Cabe just looked him dead in the eye. “You scared?”
“Damn yes, I am.”
And Cabe was, too. He had never experienced such a total sense of terror before. And what made it all the worse, all that much harder to handle was that he did not even know what he was afraid of. Only that if it found him, if it reached out and touched him, he feared he’d lose his sanity.
They found a livery in which a dozen horses were stabled. They were very much alive and had plenty of feed and water. There were saddles and rigs, bits and reigns. Even shoes and nails stacked on a bench.
“Somebody’s here, all right,” Cabe said.
They checked out the old jail and then the only church in town. Its spire was high and leaning, the cross missing. If there was one place the Mormons would have set to right, it would have been the church. It stood at the end of a weedy road, surrounded by a rusty wrought-iron fence with spiked corner posts that rose up five, six feet. It was frightful and uninviting, looked like it might fall right over at any moment. The windows had been planked-over and a weird, gassy smell emanated from it.
Cabe climbed the rickety steps and tried the iron door-puller.
“Locked,” he said, sounding relieved.
Graybrow stood just outside the fence with the horses. “You see what’s carved into that door?”
Cabe did.
He was not an educated man, but he could read.
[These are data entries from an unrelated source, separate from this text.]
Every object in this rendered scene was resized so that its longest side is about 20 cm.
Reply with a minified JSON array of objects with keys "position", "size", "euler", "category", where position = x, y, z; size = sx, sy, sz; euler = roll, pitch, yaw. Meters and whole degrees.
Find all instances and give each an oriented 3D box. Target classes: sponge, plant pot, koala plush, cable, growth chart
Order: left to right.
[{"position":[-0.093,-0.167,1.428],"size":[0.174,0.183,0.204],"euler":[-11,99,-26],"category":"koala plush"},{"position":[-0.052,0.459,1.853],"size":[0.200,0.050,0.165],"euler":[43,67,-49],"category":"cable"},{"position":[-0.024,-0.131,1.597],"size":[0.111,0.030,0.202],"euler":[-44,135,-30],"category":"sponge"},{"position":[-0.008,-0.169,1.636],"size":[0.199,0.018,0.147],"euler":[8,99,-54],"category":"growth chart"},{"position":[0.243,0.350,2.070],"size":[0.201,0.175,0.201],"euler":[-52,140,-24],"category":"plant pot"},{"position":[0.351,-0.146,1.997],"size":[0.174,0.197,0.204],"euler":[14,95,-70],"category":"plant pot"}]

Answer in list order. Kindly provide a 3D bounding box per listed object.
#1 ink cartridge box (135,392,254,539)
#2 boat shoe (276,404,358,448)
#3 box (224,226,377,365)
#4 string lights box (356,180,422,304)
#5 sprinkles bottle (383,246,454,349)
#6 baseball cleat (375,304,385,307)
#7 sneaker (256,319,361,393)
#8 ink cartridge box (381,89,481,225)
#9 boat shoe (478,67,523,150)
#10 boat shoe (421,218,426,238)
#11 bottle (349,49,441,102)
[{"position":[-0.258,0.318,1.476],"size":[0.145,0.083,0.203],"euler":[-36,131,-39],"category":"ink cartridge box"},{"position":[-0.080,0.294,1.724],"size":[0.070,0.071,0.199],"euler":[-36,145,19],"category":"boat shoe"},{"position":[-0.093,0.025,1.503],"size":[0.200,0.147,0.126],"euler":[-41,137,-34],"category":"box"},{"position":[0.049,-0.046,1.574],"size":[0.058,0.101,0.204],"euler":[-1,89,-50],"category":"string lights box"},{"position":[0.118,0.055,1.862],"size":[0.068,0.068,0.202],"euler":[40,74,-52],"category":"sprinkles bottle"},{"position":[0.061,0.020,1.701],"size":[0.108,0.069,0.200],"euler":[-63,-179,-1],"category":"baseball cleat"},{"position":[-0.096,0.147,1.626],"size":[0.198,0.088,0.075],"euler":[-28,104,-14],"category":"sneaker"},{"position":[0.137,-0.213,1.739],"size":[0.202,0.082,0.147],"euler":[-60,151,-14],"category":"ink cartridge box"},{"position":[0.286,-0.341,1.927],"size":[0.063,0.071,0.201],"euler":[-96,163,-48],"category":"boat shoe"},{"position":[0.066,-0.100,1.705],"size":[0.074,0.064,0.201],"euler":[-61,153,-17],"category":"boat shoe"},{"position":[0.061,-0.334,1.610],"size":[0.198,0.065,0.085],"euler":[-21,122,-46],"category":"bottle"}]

And had read widely in his lonely occupation to pass the time. What he saw carved in the face of the door were signs and symbols generally associated with witchcraft and black magic-pentagrams and pentacles, stylized inverted crosses.
Regardless, he had seen enough.
They both mounted and rode through those streets one last time, each with their weapons in hand. The shadows were elongating and they heard sounds, murmuring voices, distant movement… as if whatever lived in Deliverance was real anxious for the sun to go down.
When they got outside town, Cabe and Graybrow rode like hell was opening behind them and that wasn’t too far from the truth.
17
It was well after dark when Cabe finally tracked Dirker down to a sordid rooming house called Ma Heller’s Place just this side of Horizontal Hill, the red-light district. He had been all over town looking for the sheriff ever since returning from Deliverance and this is where he found him, staring up at the house astride his gray mare.
Cabe brought him into a tent-roofed saloon called the Mother Lode and laid it out for him over warm beer.